The Threat Of False Positives

11.06.2019

By Urkund

Plagiarism is an ever-present threat to academic integrity and original thinking. If you do not quote and reference correctly, research that has previously been done cannot be identified properly and academia would most likely be engulfed in constant fights over who came up with what. Plagiarism detection systems are therefore a helpful and crucial addition to all institutions creating knowledge. They also help us saving by automatically flagging suspected cases of plagiarism.

However, finding potential plagiarism in long texts, essays or even doctoral thesis can be tricky. A common threat in the fight against plagiarism is to not recognise so-called “false positives” and to underestimate their importance. So, keep on reading to learn more about what false positives are all about and why they are a big deal.

False positives are by definition something everyone wants to avoid, as it means that a result of a condition is shown but not true. When it comes to false positives in text comparison, it is, however, something created entirely by plagiarism detection systems.

Just have a look at the following examples in which the red text marks a matching text.

  • ”Salt and pepper”<>”Cats and dogs” – 33%
  • ”Three men in a boat” <> ”Life in a Medieval City” – 40%
  • The Adventures of Tom Sawyer” <> ”The Adventures of Sherlock Holmes” – 60%

Often the amount of matching text in a document is illustrated by a percentage. Which means that the higher the percentage, the higher the likelihood of plagiarism. Or so it may seem. As shown in the examples above, counting all findings, such as words like “and” or “in a” means while the percentage of overall detected plagiarism actually rises, its relevance drops. That effect of displaying common words as potential plagiarism is what we refer to as false positives. A lot of times, false positives are “caused” by words that are extremely common in the specific language rather than complicated conjunctions and appositions. The truth is that once we leave the 100% similarity mark, the lines become blurred.
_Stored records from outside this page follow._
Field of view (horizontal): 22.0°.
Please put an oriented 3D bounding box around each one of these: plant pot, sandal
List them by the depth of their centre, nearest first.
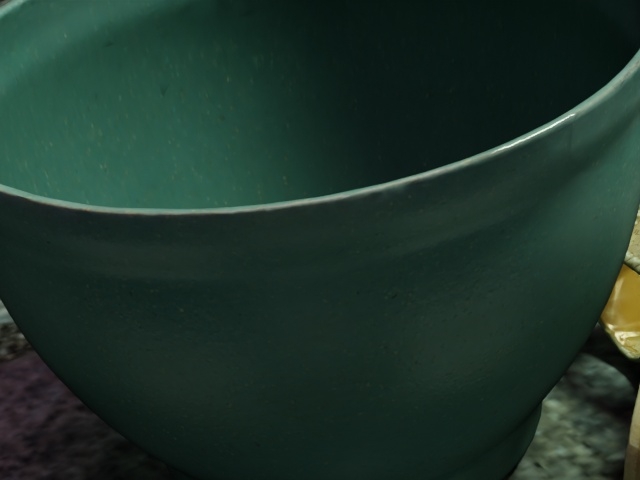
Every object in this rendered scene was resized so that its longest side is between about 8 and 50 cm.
[{"bbox_3d":[0.000,0.000,0.698,0.293,0.196,0.293,-7,29,4],"label":"plant pot"},{"bbox_3d":[0.144,0.020,0.739,0.079,0.088,0.240,8,39,19],"label":"sandal"}]

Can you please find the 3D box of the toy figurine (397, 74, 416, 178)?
[{"bbox_3d":[0.080,-0.067,0.916,0.159,0.130,0.173,-6,2,-23],"label":"toy figurine"}]

Because how do you calculate the relevance of the different words that make up a text and translate it into a percentage?
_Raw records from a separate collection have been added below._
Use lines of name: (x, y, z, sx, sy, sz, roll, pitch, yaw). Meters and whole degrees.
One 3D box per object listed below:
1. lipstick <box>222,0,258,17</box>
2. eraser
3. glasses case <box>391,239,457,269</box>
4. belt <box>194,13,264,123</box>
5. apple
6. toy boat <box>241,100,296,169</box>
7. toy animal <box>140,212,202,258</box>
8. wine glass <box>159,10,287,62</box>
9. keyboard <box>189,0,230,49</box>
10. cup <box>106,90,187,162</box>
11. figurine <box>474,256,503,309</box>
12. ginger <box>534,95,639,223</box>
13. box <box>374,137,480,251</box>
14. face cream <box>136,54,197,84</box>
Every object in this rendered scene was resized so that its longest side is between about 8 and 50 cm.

Showing all matching texts and findings causes clutter, confusion, and risks taking the attention from actual cases of plagiarism. It’s basically like googling the phrase “I don’t know” where you’ll simply be swamped with results. Try it. (It will give you around 7 billion search results). Or think about the phrase “This page is intentionally left blank”. Would this match even make sense to see in a plagiarism report? False positives also cause you to spend more time than necessary on having to go through findings and could eventually lead to a wrong judgement of the student in question. What’s probably even worse is that it undermines the utilisation of and trust in plagiarism detection software altogether. If you spend enough time sifting through false positives the frustration will most probably have you give up on your efforts to assess the level of real plagiarism in the text you are reviewing.

False positives are a more common threat to originality than we think they are, and we need to address it properly. One way to minimise false positives is by using machine learning algorithms that improve over time, learning how to recognise what a relevant text matching is and what it isn’t. In the end, we should all understand that technology is here to help and support us to make more informed decisions limiting cluttered and irrelevant data along the way. Because no matter the tools, the decision itself always needs to be made by us.